Last Thursday the BBC website (read story here) reported that Graeme Gordon, the 37-year-old producer of "the hit television detective series Taggart" had encountered "bureaucracy gone mental" on the north side of Cairn Gorm. Gordon's story echoed those of various other aggrieved walkers in recent times, in that it concerned the agreement whereby the funicular is, during the period 1 May - 30 November, a closed system with railway users not being allowed out and ordinary walkers and climbers not being allowed in.
On Sunday 28 July, Gordon had travelled from his home in Kilmarnock along with his two young sons (Mark, eight and Rian, four) with the intention of riding on the railway and then walking up the last section of the hill from the Ptarmigan building to the summit. This kind of thing was perfectly possible in the old days of the chairlift but it's outwith the current agreement between CairnGorm Mountain (operators of the funicular) and the various planning authorities.
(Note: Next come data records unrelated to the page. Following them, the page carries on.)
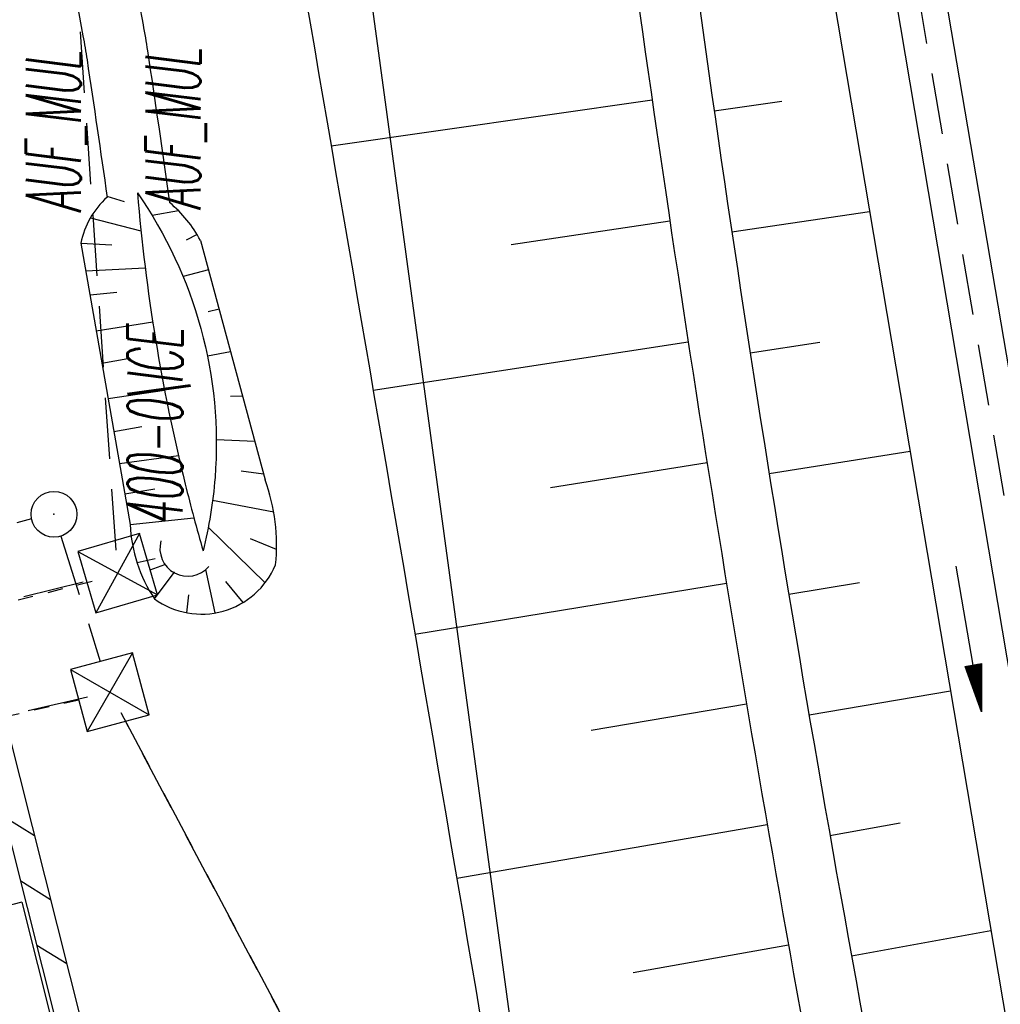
# Model space of a CAD drawing. Extents: x 447045 to 447634, y 442020 to 443192.
# Tile 30 of 82: x 447393 to 447425, y 442114 to 442146. Entities that reach past the tile are written whole.
import ezdxf

# ---------------------------------------------------------------- set-up
doc = ezdxf.new("R2010")
doc.units = 0
doc.header["$LTSCALE"] = 2
doc.header["$MEASUREMENT"] = 0
for name, pattern in [('AUSGEZOGEN', [0]), ('GESTRICH-X2', [1.5, 1, -0.5]), ('STRICHLINIEX2', [0.5, 0.25, -0.25])]:
    doc.linetypes.add(name, pattern=pattern)
doc.layers.get('0').update_dxf_attribs({"linetype": 'AUSGEZOGEN'})
for name, color, linetype in [('207-GRENZL-BAB', 7, 'AUSGEZOGEN'), ('ANMERKUNG', 7, 'CONTINUOUS'), ('BOESCHG', 250, 'AUSGEZOGEN'), ('DB-Durchlässe', 15, 'CONTINUOUS'), ('DB-Ingenieurbauwerke', 15, 'CONTINUOUS'), ('DURCHL', 200, 'GESTRICH-X2'), ('FBRTOP', 250, 'AUSGEZOGEN'), ('GRABEN', 250, 'AUSGEZOGEN'), ('KANAL', 7, 'GESTRICH-X2'), ('MULDE', 250, 'AUSGEZOGEN'), ('PFEIL', 7, 'CONTINUOUS'), ('PFEILTOP', 200, 'AUSGEZOGEN'), ('Rinne', 200, 'CONTINUOUS'), ('SCHSYMBOL', 200, 'AUSGEZOGEN')]:
    doc.layers.add(name, color=color, linetype=linetype)
doc.styles.add('ROMANS', font='romans.shx', dxfattribs={"width": 0.8})

# ---------------------------------------------------------------- blocks, each defined once
blk = doc.blocks.new('DL')
at = {"color": 0}
blk.add_arc((-0.311, 0.025), 0.91, 282.5363, 77.4637, dxfattribs=at)
blk.add_point((0.597, 0.003), dxfattribs=at)
blk = doc.blocks.new('SCHA-Q')
for p, q in [((-1.5, 1.5), (1.5, -1.5)), ((-1.5, -1.5), (1.5, 1.5)), ((1.5, 1.5), (-1.5, 1.5)), ((-1.5, 1.5), (-1.5, -1.5)), ((1.5, -1.5), (1.5, 1.5)), ((-1.5, -1.5), (1.5, -1.5))]:
    blk.add_line(p, q)
blk.add_point((0, 0))
blk = doc.blocks.new('GST')
at = {"color": 0}
blk.add_circle((0, 0), 0.75, dxfattribs=at)
blk.add_point((0, 0), dxfattribs=at)
blk = doc.blocks.new('10')
blk.add_blockref('GST', (0, 0))
blk = doc.blocks.new('PFEIL2')
at = {"color": 0}
for p, q in [((0.88, 0.002), (-2.401, -0.012)), ((0.881, -0.271), (0.879, 0.276)), ((0.879, 0.276), (2.429, 0.009)), ((0.911, 0.27), (0.879, 0.265)), ((0.965, 0.261), (0.879, 0.246)), ((1.019, 0.252), (0.879, 0.228)), ((1.073, 0.242), (0.879, 0.209)), ((1.127, 0.233), (0.879, 0.191)), ((1.181, 0.224), (0.879, 0.172)), ((1.235, 0.214), (0.879, 0.154)), ((1.289, 0.205), (0.879, 0.135)), ((1.343, 0.196), (0.879, 0.117)), ((1.397, 0.187), (0.879, 0.098)), ((1.451, 0.177), (0.879, 0.08)), ((1.505, 0.168), (0.879, 0.061)), ((1.559, 0.159), (0.88, 0.043)), ((1.613, 0.149), (0.88, 0.024)), ((1.668, 0.14), (0.88, 0.006)), ((1.722, 0.131), (0.88, -0.013)), ((1.776, 0.121), (0.88, -0.031)), ((1.83, 0.112), (0.88, -0.05)), ((1.884, 0.103), (0.88, -0.068)), ((1.938, 0.094), (0.88, -0.087)), ((1.992, 0.084), (0.88, -0.105)), ((2.046, 0.075), (0.88, -0.124)), ((2.1, 0.066), (0.88, -0.142)), ((2.154, 0.056), (0.88, -0.161)), ((2.208, 0.047), (0.88, -0.179)), ((2.262, 0.038), (0.881, -0.198)), ((2.316, 0.029), (0.881, -0.216)), ((2.37, 0.019), (0.881, -0.235)), ((2.424, 0.01), (0.881, -0.253)), ((2.429, 0.009), (0.881, -0.271))]:
    blk.add_line(p, q, dxfattribs=at)

msp = doc.modelspace()

# ---------------------------------------------------------------- linework, layer by layer
at = {"layer": '207-GRENZL-BAB', "flags": 128}
msp.add_lwpolyline([(447389.101, 442258.507), (447410.249, 442103.172)], dxfattribs=at)
at = {"layer": 'BOESCHG'}
for p, q in [((447403.053, 442141.654), (447413.553, 442143.166)), ((447415.58, 442142.801), (447417.792, 442143.119)), ((447395.718, 442140.011), (447396.278, 442139.838)), ((447395.177, 442139.304), (447396.829, 442138.877)), ((447398.057, 442139.538), (447397.194, 442139.381)), ((447416.159, 442138.843), (447420.665, 442139.515)), ((447408.936, 442138.434), (447414.133, 442139.208)), ((447398.663, 442138.763), (447398.311, 442138.576)), ((447394.865, 442138.474), (447395.875, 442138.418)), ((447395.023, 442137.572), (447396.968, 442137.665)), ((447399.036, 442137.598), (447398.209, 442137.384)), ((447395.162, 442136.78), (447396.043, 442136.867)), ((447399.384, 442136.311), (447399.023, 442136.227)), ((447395.369, 442135.603), (447397.213, 442135.902)), ((447404.425, 442133.667), (447414.732, 442135.253)), ((447416.759, 442134.888), (447419.043, 442135.241)), ((447399.759, 442134.919), (447399.005, 442134.78)), ((447395.553, 442134.55), (447396.405, 442134.698)), ((447395.757, 442133.392), (447397.6, 442133.671)), ((447400.151, 442133.469), (447399.757, 442133.456)), ((447395.946, 442132.314), (447396.86, 442132.473)), ((447400.55, 442131.988), (447399.295, 442132.037)), ((447417.38, 442130.937), (447421.989, 442131.674)), ((447396.129, 442131.269), (447398.053, 442131.532)), ((447410.23, 442130.488), (447415.35, 442131.301)), ((447400.838, 442130.923), (447400.112, 442131.014)), ((447396.303, 442130.276), (447397.288, 442130.444)), ((447401.173, 442129.672), (447399.174, 442130.056)), ((447396.479, 442129.274), (447398.56, 442129.491)), ((447400.888, 442127.361), (447399.032, 442129.181)), ((447401.264, 442128.453), (447400.413, 442128.805)), ((447396.701, 442128.028), (447397.292, 442128.16)), ((447397.274, 442126.841), (447397.911, 442127.699)), ((447399.255, 442126.379), (447398.949, 442127.797)), ((447400.175, 442126.723), (447399.605, 442127.408)), ((447405.794, 442125.683), (447415.987, 442127.352)), ((447418.022, 442126.989), (447420.336, 442127.371)), ((447398.326, 442126.387), (447398.397, 442126.975)), ((447418.685, 442123.044), (447423.312, 442123.834)), ((447411.56, 442122.549), (447416.643, 442123.406)), ((447407.161, 442117.699), (447417.318, 442119.464)), ((447419.369, 442119.103), (447421.671, 442119.509)), ((447420.074, 442115.165), (447424.636, 442115.994)), ((447412.928, 442114.616), (447418.012, 442115.524))]:
    msp.add_line(p, q, dxfattribs=at)
for points in [[(447343.805, 442564.695, 0.001937), (447347.533, 442538.982, 0.004276), (447349.366, 442527.354, 0.000221), (447355.781, 442488.931, -0.00118), (447356.97, 442481.722, -0.002103), (447361.377, 442453.867, 0.004452), (447363.52, 442440.722, 0.000314), (447368.216, 442413.556, -0.000101), (447382.825, 442329.248, -0.000052), (447388.959, 442293.787, 0.000063), (447393.99, 442264.703, 0.008534), (447398.413, 442241.519, -0.005165), (447405.977, 442203.264, -0.012619), (447414.719, 442148.983, 0.015149), (447422.229, 442103.803, 0.002881), (447423.628, 442096.931, -0.000329), (447423.834, 442095.944, -0.014194)], [(447363.313, 442434.859, 0.000267), (447367.667, 442409.69, -0.000125), (447381.643, 442329.044, -0.000031), (447388.036, 442292.082, 0.000041), (447392.808, 442264.499, 0.003207), (447396.519, 442243.845, -0.001616), (447404.012, 442202.894, -0.009356), (447413.236, 442145.386, 0.012826), (447420.255, 442103.481, 0.004034), (447421.496, 442097.351, -0.002898), (447423.242, 442088.821, -0.014157), (447429.081, 442054.361, 0.001903), (447430.477, 442044.692, 0.007789)], [(447355.601, 442433.736, -0.002326), (447361.102, 442405.191, -0.006223), (447362.976, 442394.489, -0.000213), (447373.764, 442327.821, -0.004745), (447374.219, 442324.821, -0.000158), (447376.621, 442307.859, 0.000088), (447380.909, 442277.558, 0.000171), (447386.246, 442239.98, 0.000486), (447388.143, 442226.749, 0.043487), (447390.283, 442217.623, -0.035626), (447393.067, 442206.533, -0.015589), (447395.491, 442189.771, 0.012811), (447398.326, 442169.361, 0.001759), (447400.41, 442157.014, -0.000419), (447409.304, 442105.155, -0.003399), (447413.908, 442077.025, -0.00132), (447419.243, 442042.377)]]:
    msp.add_lwpolyline(points, format="xyb", dxfattribs=at)
msp.add_lwpolyline([(447394.865, 442138.474), (447396.479, 442129.274)], dxfattribs=at)
at = {"layer": 'BOESCHG', "flags": 128}
msp.add_lwpolyline([(447398.776, 442138.562), (447400.888, 442130.736)], dxfattribs=at)
at = {"layer": 'BOESCHG'}
for centre, radius, start, end in [((447395.063, 442128.604), 6.203, 353.9339, 20.0985), ((447401.21, 442129.474), 4.736, 182.4159, 213.7745), ((447398.813, 442128.964), 2.622, 234.0502, 337.2353)]:
    msp.add_arc(centre, radius, start, end, dxfattribs=at)
at = {"layer": 'DB-Durchlässe', "linetype": 'STRICHLINIEX2'}
for p, q in [((447393.248, 442129.459), (447364.929, 442121.854)), ((447395.236, 442127.408), (447360.864, 442118.77)), ((447394.797, 442123.529), (447365.716, 442116.896))]:
    msp.add_line(p, q, dxfattribs=at)
at = {"layer": 'DB-Ingenieurbauwerke', "linetype": 'Continuous'}
for q in [(447380.518, 442113.798), (447412.109, 442040.906)]:
    msp.add_line((447392.93, 442116.916), q, dxfattribs=at)
at = {"layer": 'DURCHL'}
for p, q in [((447394.208, 442128.892), (447395.499, 442124.789)), ((447397.132, 442127.794), (447397.612, 442127.969)), ((447409.073, 442098.819), (447396.32, 442122.836))]:
    msp.add_line(p, q, dxfattribs=at)
at = {"layer": 'FBRTOP', "color": 0}
msp.add_lwpolyline([(447358.947, 442729.413, 0.000005), (447365.209, 442692.439, -0.000003), (447371.47, 442655.466, -0.000003), (447379.818, 442606.167, 0.000003), (447388.166, 442556.869), (447409.037, 442433.624), (447425.734, 442335.028, -0.000003), (447426.43, 442330.92, -0.000001), (447429.908, 442310.379)], format="xyb", dxfattribs=at)
at = {"layer": 'FBRTOP', "color": 0, "const_width": 0.5}
for points in [[(447355.989, 442728.912, 0.000005), (447362.251, 442691.939, -0.000003), (447368.512, 442654.965, -0.000003), (447376.86, 442605.667, 0.000003), (447385.208, 442556.368), (447406.079, 442433.124), (447422.776, 442334.528, -0.000003), (447423.472, 442330.419, -0.000001), (447426.95, 442309.878)], [(447328.383, 442724.238, 0.000005), (447334.644, 442687.263, -0.000003), (447340.906, 442650.289, -0.000003), (447349.254, 442600.991, 0.000003), (447357.602, 442551.694), (447378.473, 442428.448), (447395.17, 442329.852, -0.000003), (447395.865, 442325.744, -0.000001), (447399.344, 442305.204)]]:
    msp.add_lwpolyline(points, format="xyb", dxfattribs=at)
at = {"layer": 'FBRTOP', "flags": 128}
msp.add_lwpolyline([(447350.902, 442573.141), (447355.051, 442548.716), (447363.353, 442499.554), (447367.525, 442474.861), (447371.681, 442450.252), (447375.843, 442425.73), (447379.973, 442401.159), (447384.141, 442376.598), (447388.327, 442352.194), (447392.465, 442327.531), (447396.704, 442302.638), (447400.869, 442278.102), (447405.015, 442253.452), (447409.132, 442229.038), (447413.319, 442204.418), (447417.506, 442179.754), (447421.684, 442155.176), (447425.875, 442130.448), (447427.859, 442118.387), (447430.016, 442106.04), (447432.095, 442093.822), (447434.128, 442081.739), (447436.221, 442069.281), (447438.331, 442056.993), (447440.074, 442046.67)], dxfattribs=at)
at = {"layer": 'FBRTOP', "const_width": 0.5}
msp.add_lwpolyline([(447398.849, 442404.416, -0.000026), (447404.352, 442372.083, -0.000052), (447407.1, 442355.919), (447415.36, 442307.308, -0.000099), (447419.675, 442281.768, 0.000025), (447423.99, 442256.228, 0.000001), (447428.116, 442231.814, -0.000002), (447432.242, 442207.401, -0.000028), (447436.378, 442182.922, 0.000056), (447440.513, 442158.444, 0.000309), (447444.646, 442134.089, -0.000068), (447448.779, 442109.733, -0.000049), (447453.201, 442083.639, -0.000054), (447457.188, 442060.08, -0.000254), (447458.798, 442050.53, 0.000203)], format="xyb", dxfattribs=at)
at = {"layer": 'GRABEN', "flags": 128}
for points in [[(447396.713, 442140.116, -0.086114), (447398.79, 442135.682, -0.086114), (447399.252, 442130.808, -0.021236), (447399.107, 442129.6, -0.021236), (447398.86, 442128.41)], [(447396.713, 442140.116, 0.019883), (447397.305, 442135.324, 0.019883), (447398.277, 442130.595, 0.004655), (447398.558, 442129.5, 0.004655), (447398.86, 442128.41)]]:
    msp.add_lwpolyline(points, format="xyb", dxfattribs=at)
at = {"layer": 'GRABEN'}
for centre, radius, start, end in [((447397.523, 442137.949), 2.71, 131.6336, 168.8284), ((447395.214, 442136.692), 4.023, 27.7064, 50.5902)]:
    msp.add_arc(centre, radius, start, end, dxfattribs=at)
at = {"layer": 'KANAL'}
for p, q in [((447396.019, 442128.429), (447390.566, 442207.34)), ((447421.688, 442149.938), (447429.813, 442102.406)), ((447360.97, 442118.947), (447395.343, 442127.5)), ((447395.084, 442123.62), (447365.381, 442116.854)), ((447396.167, 442123.125), (447409.073, 442098.819))]:
    msp.add_line(p, q, dxfattribs=at)
at = {"layer": 'MULDE'}
for points in [[(447347.353, 442572.54), (447366.986, 442453.852), (447387.462, 442330.684), (447409.355, 442206.521), (447427.419, 442099.505), (447436.387, 442045.91)], [(447412.611, 442199.247), (447429.391, 442099.837), (447438.347, 442046.314)]]:
    msp.add_lwpolyline(points, dxfattribs=at)
at = {"layer": 'MULDE', "flags": 128}
for points in [[(447375.9, 442241.783, 0.000536), (447380.397, 442221.72, 0.001185), (447382.462, 442212.652, 0.000289), (447389.667, 442181.447, -0.001322), (447391.229, 442174.615, -0.007292), (447392.389, 442169.112, -0.001706), (447396.897, 442145.622, -0.009288), (447397.041, 442144.767, -0.001867), (447397.768, 442139.8, -0.001695)], [(447373.948, 442241.347, 0.000536), (447378.446, 442221.28, 0.001185), (447380.514, 442212.204, 0.000289), (447387.719, 442180.995, -0.001322), (447389.279, 442174.175, -0.007292), (447390.426, 442168.729, -0.001706), (447394.931, 442145.252, -0.009288), (447395.064, 442144.47, -0.001695), (447395.723, 442139.974, -0.001695)]]:
    msp.add_lwpolyline(points, format="xyb", dxfattribs=at)
at = {"layer": 'PFEILTOP'}
for p, q in [((447392.367, 442119.706), (447393.345, 442119.098)), ((447392.895, 442117.612), (447393.873, 442117.004)), ((447393.423, 442115.518), (447394.401, 442114.91))]:
    msp.add_line(p, q, dxfattribs=at)
at = {"layer": 'Rinne'}
for points in [[(447412.214, 442040.928), (447412.091, 442041.414, -0.000168), (447412.091, 442041.414), (447399.881, 442089.912), (447390.854, 442125.704), (447390.629, 442126.706), (447378.766, 442173.887), (447378.421, 442175.23), (447372.094, 442200.464), (447340.024, 442328.149), (447334.51, 442350.217, -0.000106), (447334.51, 442350.217), (447320.399, 442406.796), (447320.173, 442407.651), (447309.096, 442451.495), (447305.636, 442465.472), (447291.034, 442523.413), (447290.99, 442524.107), (447290.805, 442524.816), (447282.432, 442560.66)], [(447412.998, 442041.089), (447412.867, 442041.61), (447400.657, 442090.108, 0.000106), (447400.657, 442090.108), (447391.632, 442125.89), (447391.573, 442126.154)]]:
    msp.add_lwpolyline(points, format="xyb", dxfattribs=at)

# ---------------------------------------------------------------- block references
at = {"layer": 'PFEIL', "rotation": 279.6779000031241}
msp.add_blockref('PFEIL2', (447423.909, 442125.543), dxfattribs=at)
at = {"layer": 'SCHSYMBOL'}
for name, p, rotation in [('10', (447393.983, 442129.607), 279.6116), ('DL', (447398.19, 442128.227), 241.8668092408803)]:
    msp.add_blockref(name, p, dxfattribs=dict(at, rotation=rotation))
at = {"layer": 'SCHSYMBOL', "zscale": 0.7}
for p, xscale, yscale, rotation in [((447396.071, 442127.681), 0.6999999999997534, 0.6999999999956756, 286.273299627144), ((447395.815, 442123.787), 0.6999999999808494, 0.6999999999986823, 285.0589808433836)]:
    msp.add_blockref('SCHA-Q', p, dxfattribs=dict(at, xscale=xscale, yscale=yscale, rotation=rotation))

# ---------------------------------------------------------------- texts
at = {"layer": 'ANMERKUNG', "style": 'ROMANS', "oblique": 7, "width": 0.5}
for s, p in [('AUF_MUL', (447394.865, 442139.474)), ('AUF_MUL', (447398.776, 442139.562)), ('400-0\\ICE', (447398.19, 442129.227))]:
    msp.add_text(s, height=1.8, rotation=90, dxfattribs=at).set_placement(p)

doc.saveas('drawing.dxf')

One of the rangers on duty at the foot of the railway duly informed Gordon that his plan wouldn't be possible. He and the boys would only be able to ride the train uphill, eat and shop and look at the view from the top station, then ride the train back down again. Alternatively, they could of course walk up the hill in the old-fashioned way. This is what Gordon decided to do - but, according to the BBC site, "the weather worsened as they went up. When they reached the Ptarmigan one-and-a-half hours later, he and the children were cold and wet."
Of course the Ptarmigan was, as agreed, locked and unenterable, a state of affairs which evidently surprised the TV producer. "I couldn't get in and wondered why it was locked," he said. "I could see people inside eating and drinking." He was spotted by the staff and an exchange ensued once the door was finally opened. "You need a ticket to come in here," the CairnGorm Mountain operative said. "Stupid rule," replied Gordon. "I don't have a ticket but I'm willing to pay at the bottom." This offer was declined, and the "very rude" staffer closed the door. Gordon and his sons then headed back down on foot, taking an hour to reach the car park "via the steep top part of the White Lady ski run".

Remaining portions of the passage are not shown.